SSB protein binding assay in vitro. Electrophoresis after SSB protein to ITGA4-mRNA in vitro binding assay: 1) 1 kb DNA ladder, 2) ITGA4-mRNA, 3) ITGA4-mRNA/SSB, 4) ITGA4-mRNA/SSB/Lipofectamine^®2000, 5) SSB/Lipofectamine^®2000, 6) SSB, 7) Lipofectamine®2000.

Figure 6

ITGA4 protein synthesis after ITGA4-mRNA/SSB transfection. Immunocytochemistry study for assessment of the ITGA4 protein presence after ITGA4-mRNA/SSB transfection using Lipofectamine^®2000. Scale bars separate for HEK293 and MSC cells located in the respective left upper images of the panel indicate 100 µm.

Figure 7

ITGA4 protein distribution in (ARCA)-ITGA4-mRNA transfected MSCs. Time-course of ITGA4 protein production – note its translocation from perinuclear area in 3 and 5 hour time-points toward the cell membrane in 8 and 24 hour time points (A).
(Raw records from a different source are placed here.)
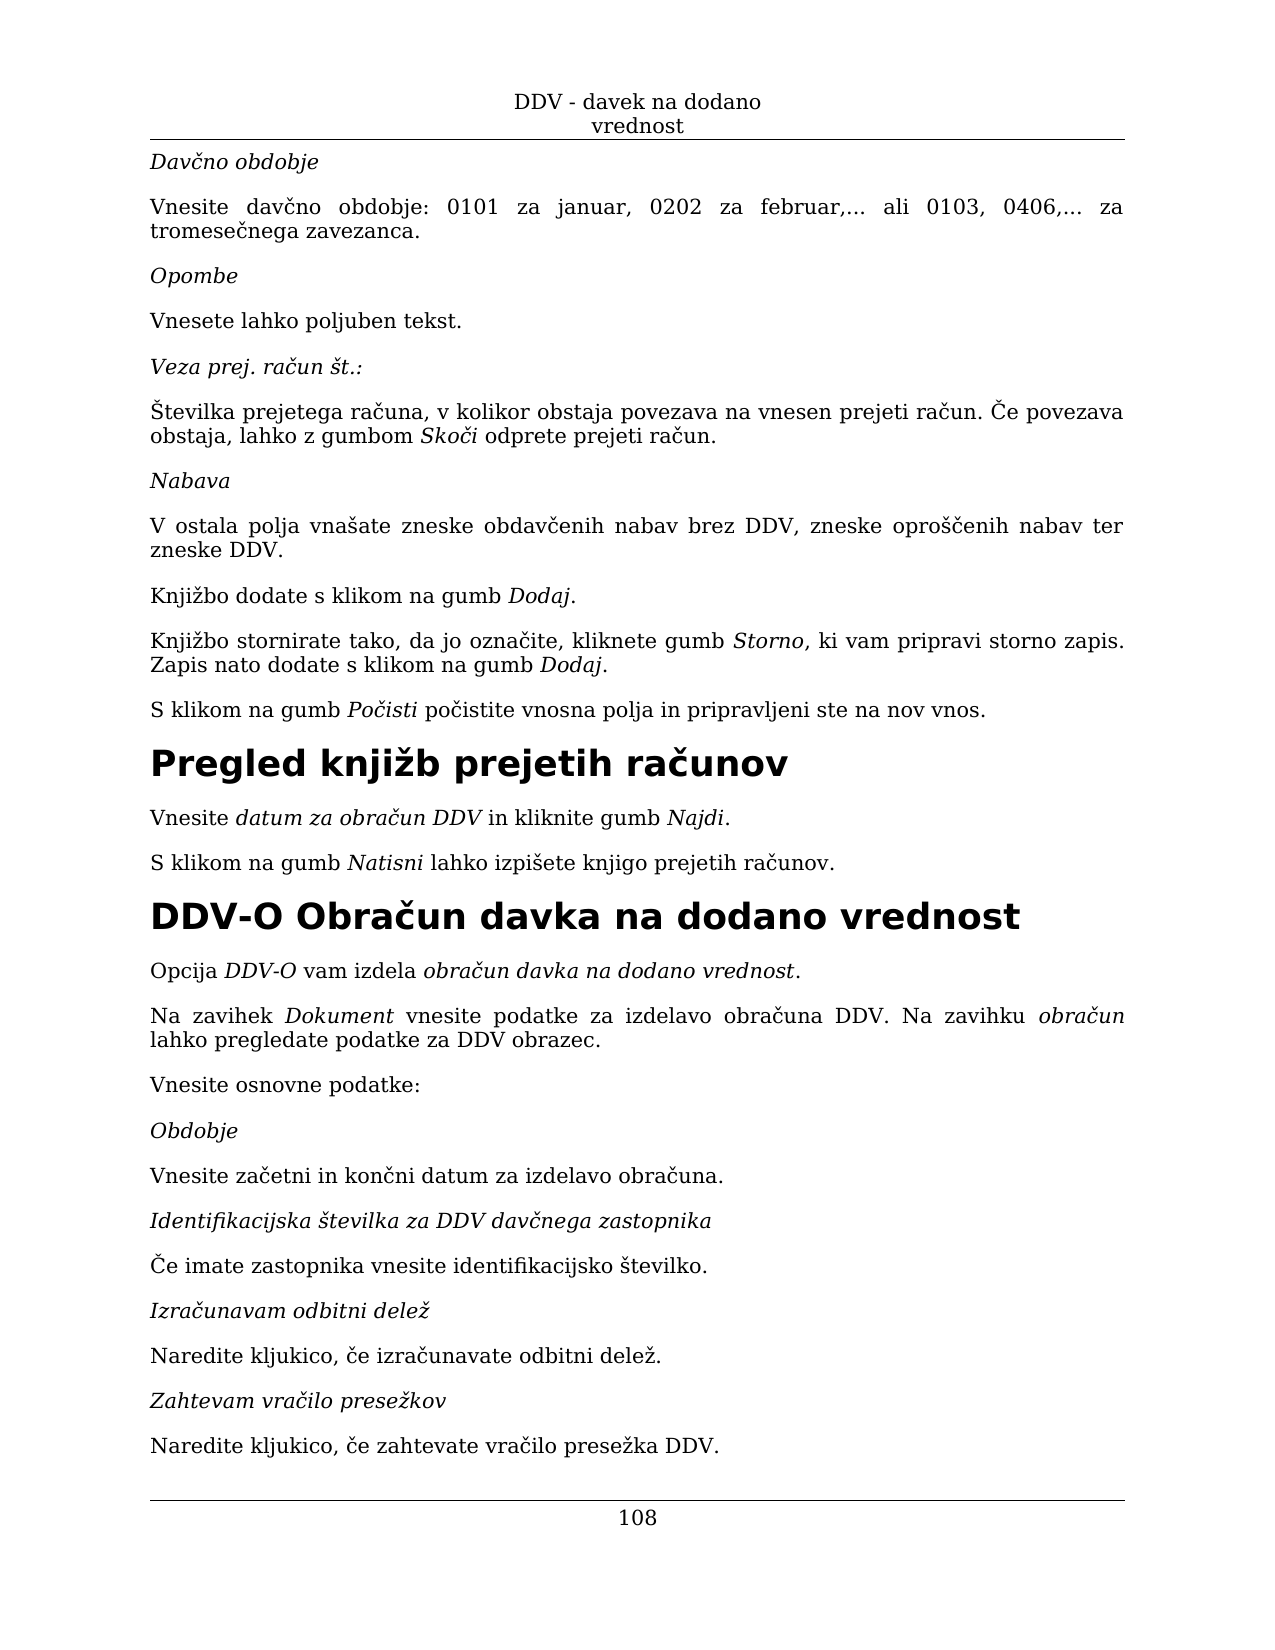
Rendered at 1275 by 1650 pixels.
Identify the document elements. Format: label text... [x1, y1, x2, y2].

text Izračunavam odbitni delež [150, 1299, 1125, 1323]
text Pregled knjižb prejetih računov [150, 743, 1125, 785]
text V ostala polja vnašate zneske obdavčenih nabav brez DDV, zneske oproščenih nabav ter zneske DDV. [150, 514, 1125, 563]
text Če imate zastopnika vnesite identifikacijsko številko. [150, 1254, 1125, 1278]
text Vnesite osnovne podatke: [150, 1073, 1125, 1098]
text Davčno obdobje [150, 150, 1125, 174]
text Zahtevam vračilo presežkov [150, 1389, 1125, 1413]
text Na zavihek Dokument vnesite podatke za izdelavo obračuna DDV. Na zavihku obračun lahko pregledate podatke za DDV obrazec. [150, 1004, 1125, 1053]
text Vnesete lahko poljuben tekst. [150, 309, 1125, 334]
text Knjižbo stornirate tako, da jo označite, kliknete gumb Storno, ki vam pripravi storno zapis. Zapis nato dodate s klikom na gumb Dodaj. [150, 629, 1125, 677]
text Knjižbo dodate s klikom na gumb Dodaj. [150, 584, 1125, 608]
text Naredite kljukico, če izračunavate odbitni delež. [150, 1344, 1125, 1368]
text DDV-O Obračun davka na dodano vrednost [150, 896, 1125, 938]
text Identifikacijska številka za DDV davčnega zastopnika [150, 1209, 1125, 1233]
text Opombe [150, 264, 1125, 289]
text Opcija DDV-O vam izdela obračun davka na dodano vrednost. [150, 959, 1125, 983]
text Vnesite datum za obračun DDV in kliknite gumb Najdi. [150, 806, 1125, 830]
text S klikom na gumb Počisti počistite vnosna polja in pripravljeni ste na nov vnos. [150, 698, 1125, 722]
text Veza prej. račun št.: [150, 355, 1125, 379]
text Obdobje [150, 1119, 1125, 1143]
text Vnesite začetni in končni datum za izdelavo obračuna. [150, 1164, 1125, 1188]
text Številka prejetega računa, v kolikor obstaja povezava na vnesen prejeti račun. Če povezava obstaja, lahko z gumbom Skoči odprete prejeti račun. [150, 400, 1125, 448]
text Vnesite davčno obdobje: 0101 za januar, 0202 za februar,... ali 0103, 0406,... za tromesečnega zavezanca. [150, 195, 1125, 244]
text Nabava [150, 469, 1125, 493]
text S klikom na gumb Natisni lahko izpišete knjigo prejetih računov. [150, 851, 1125, 875]
text Naredite kljukico, če zahtevate vračilo presežka DDV. [150, 1434, 1125, 1459]

The presence of ITGA4 protein on the cell membrane was confirmed in living cells by flow cytometry performed 20 h after transfection (B). red – ITGA4 protein, blue – Hoechst 33258. Scale bar: 20 µm.

Figure 8

Longitudinal study of ITGA4-mRNA presence in transfected MSCs. RT-PCR results from MSCs transfected with (ARCA)-ITGA4-mRNA confirmed that delivered (ARCA)-ITGA4-mRNA was present in transfected cells at least for 168 h.